Mull is a surprisingly large island covering 338 square miles. Much of its interior consists of rugged mountains, lochs and beautiful glens, yet I somehow managed to park right next to two large rubbish containers. Not my finest moment, but it was truthfully the best option in making the route as short as possible. After my grueling hike around the Jura coast earlier in the week, I felt no shame in taking the easier option I can tell you!

To show you how the journey started, including walking the wrong way down a main road, please have a watch of the video below:

The OS map had promised a clear track all the way to the bothy and this did indeed come to pass. Suffering pathless terrain with bogs, slippery rocks and six foot bracken to boot on Jura, I cannot tell you how good this felt. The views just made it all the more enjoyable. There was a real sense of space in the glen, with its floor being wide and flat. To the left flowed the River Forsa, while directly in front of me stood the imposing Beinn Talaidh. At just over 761 metres, it is no giant. The combination of its steep sides and practically rising from sea level still makes it look an intimidating prospect from afar. I of course had its summit as a target for the following morning.

Tombsleibhe bothy on Mull
The best route starts on the coast road and heads inland towards the mountainous interior.
Tombleibhe bothy on Mull
Only mountains, rivers and forests surround Tomsleibhe bothy on Mull. A truly wild setting awaits.

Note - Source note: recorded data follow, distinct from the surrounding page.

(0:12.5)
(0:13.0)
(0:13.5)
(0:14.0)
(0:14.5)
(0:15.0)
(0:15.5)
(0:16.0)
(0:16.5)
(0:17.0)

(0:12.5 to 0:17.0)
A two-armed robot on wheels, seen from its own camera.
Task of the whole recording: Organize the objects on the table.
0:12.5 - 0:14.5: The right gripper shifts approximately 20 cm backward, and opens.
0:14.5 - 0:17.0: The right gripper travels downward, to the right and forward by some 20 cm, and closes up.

Other than a herd of highland cattle blocking the track along the way and fording a gently flowing burn, the walk in was a very straight forward six kilometres. Tomsleibhe bothy was soon spotted and what a setting it was afforded.

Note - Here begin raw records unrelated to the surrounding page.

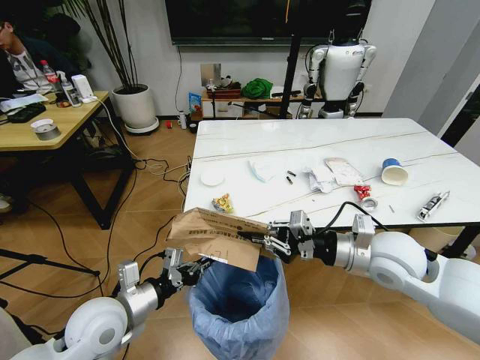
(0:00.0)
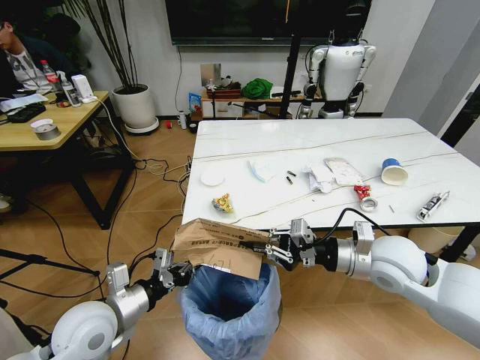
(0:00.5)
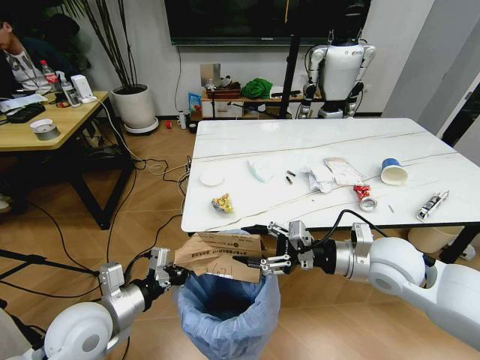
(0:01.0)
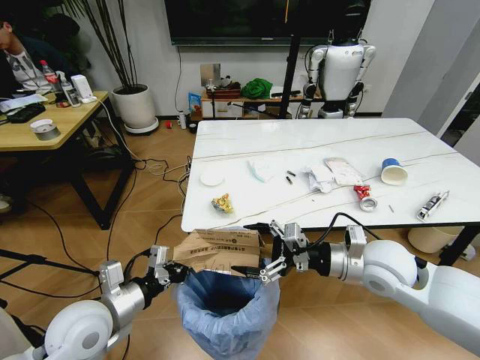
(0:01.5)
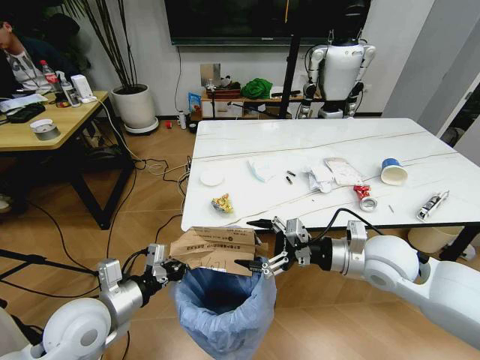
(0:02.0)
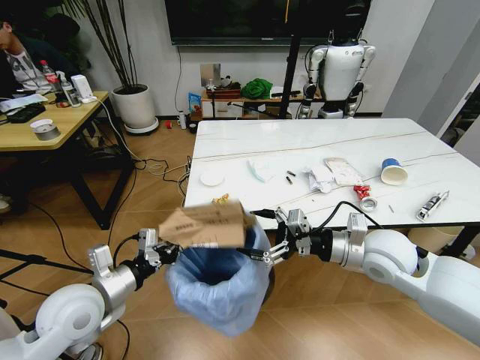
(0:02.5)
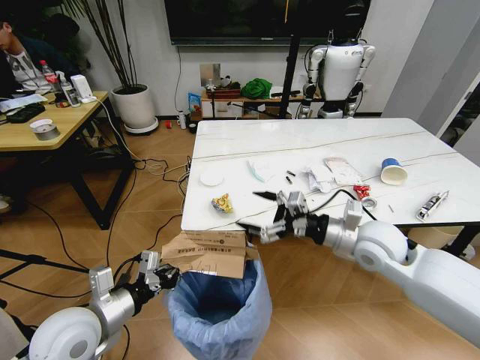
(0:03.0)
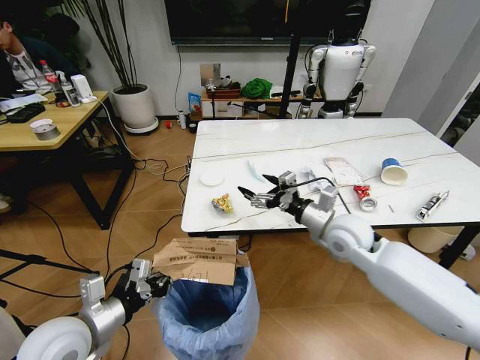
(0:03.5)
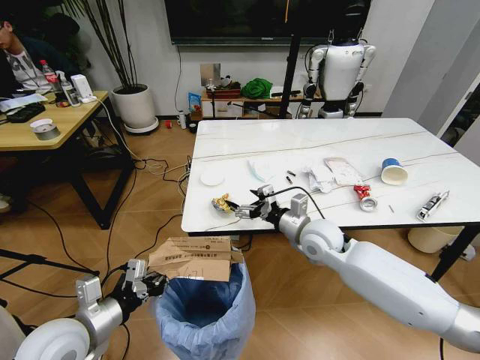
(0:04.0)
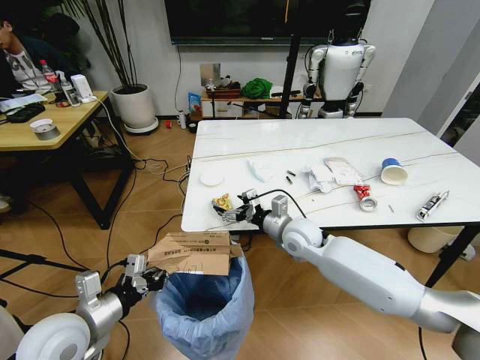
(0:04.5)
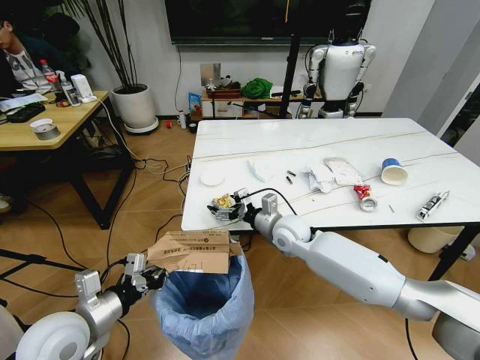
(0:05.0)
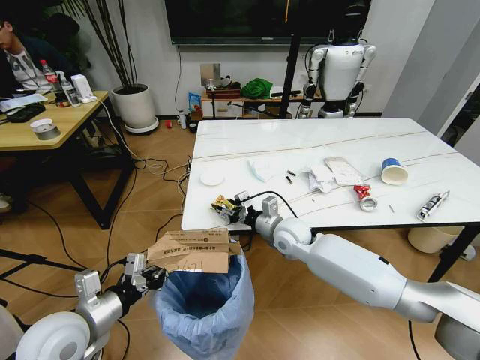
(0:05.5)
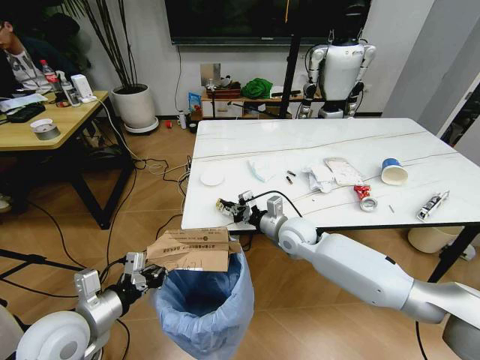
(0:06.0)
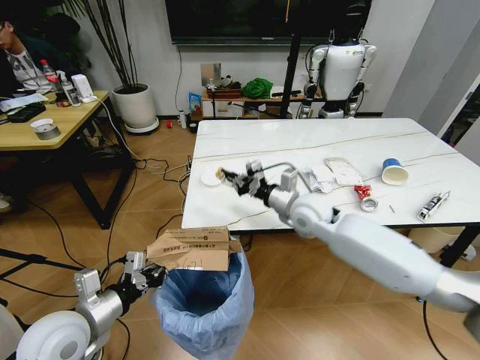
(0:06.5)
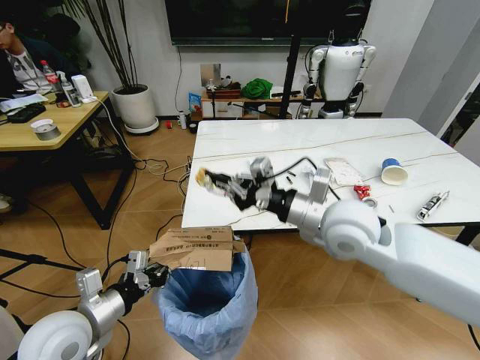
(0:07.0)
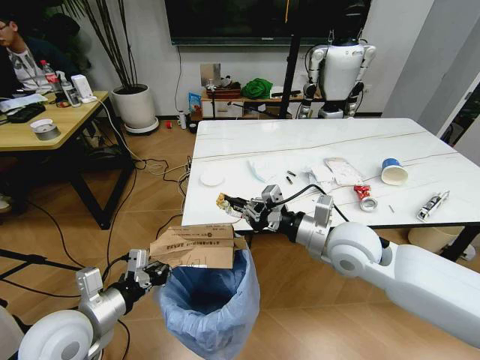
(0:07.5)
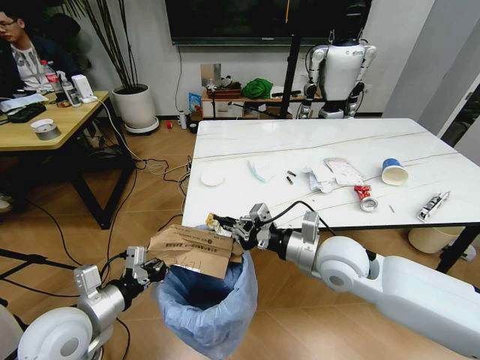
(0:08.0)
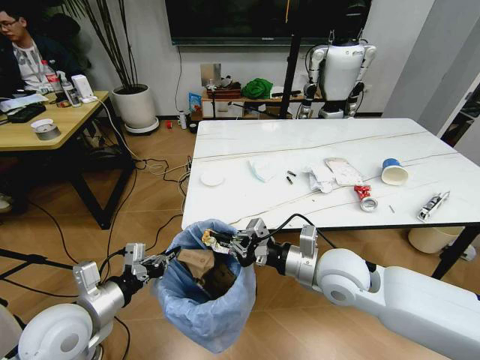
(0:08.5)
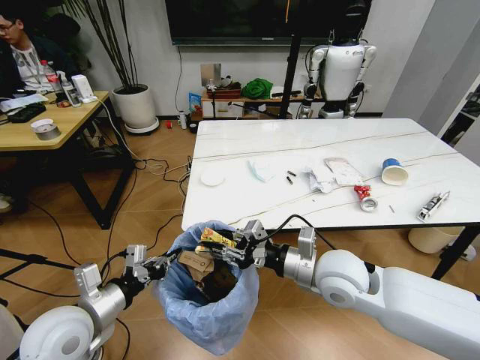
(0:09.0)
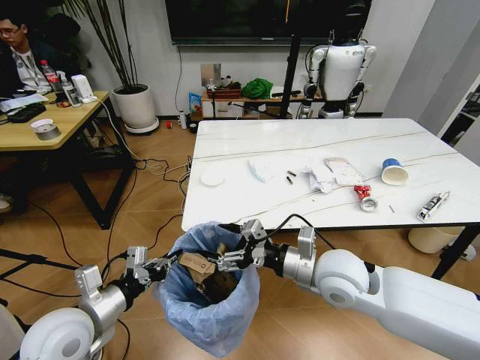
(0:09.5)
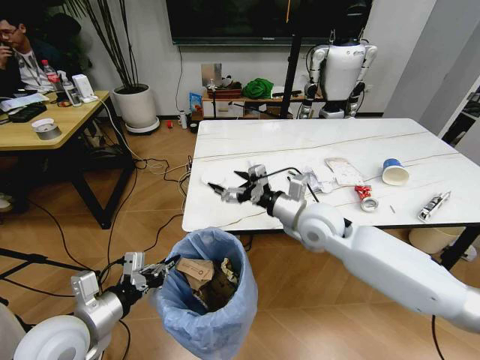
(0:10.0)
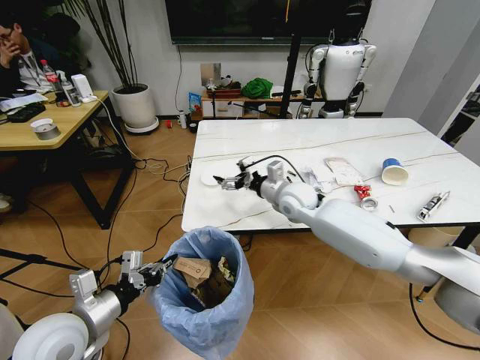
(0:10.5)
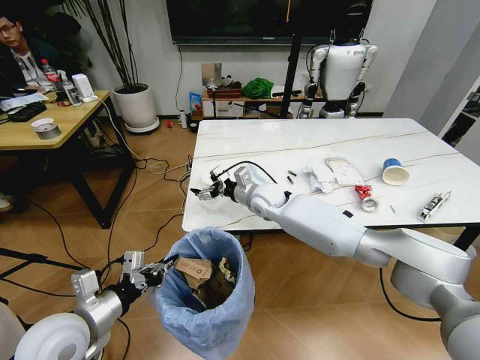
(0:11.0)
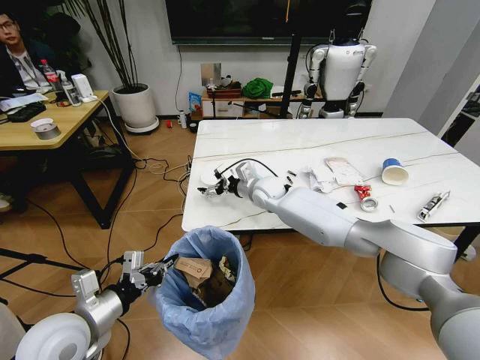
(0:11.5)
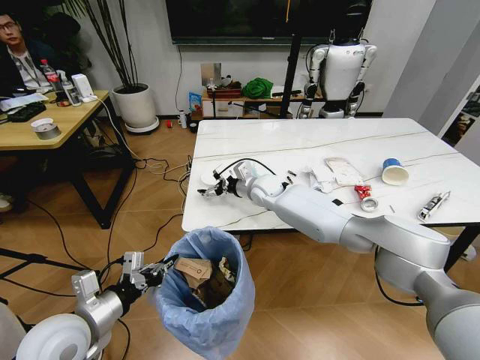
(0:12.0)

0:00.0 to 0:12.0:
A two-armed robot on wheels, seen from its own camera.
Task of the whole recording: Pick up the trash bin and place the trash from the table into it.
0:00.0 to 0:02.0: The right gripper opens its fingers.
0:02.0 to 0:04.0: The right gripper goes some 15 cm to the left, forward and downward.
0:04.0 to 0:06.0: The right gripper changes place by roughly 5 cm, and closes its fingers.
0:06.0 to 0:08.0: The right gripper heads backward and upward, covering approximately 15 cm.
0:08.0 to 0:10.0: The right gripper goes approximately 10 cm forward, and opens up.
0:10.0 to 0:12.0: The right gripper goes about 20 cm forward and to the left.

The distant road block and mountains beyond. I gave the cattle a wide berth and went cross country for a bit.
It’s time for that game again- spot the bothy.
Tombleibhe bothy on Mull
Beinn Talaidh made for quite the backdrop. Clouds hiding the summit made it appear all the more wild.

That Mix Of Emotions

If you a regular bothy visitor, then you’ll know what I’m talking about. Approaching a remote building like this provides a real mixture of feelings. There is of course relief in knowing you’ve completed the journey. You will probably be even happier if your boots and the rest of you are still dry. In contrast you may well feel a sense of nervousness. Yes you’ve seen photos and maybe even videos about the place beforehand, but will it be as good in reality? There is of course only one way to find out.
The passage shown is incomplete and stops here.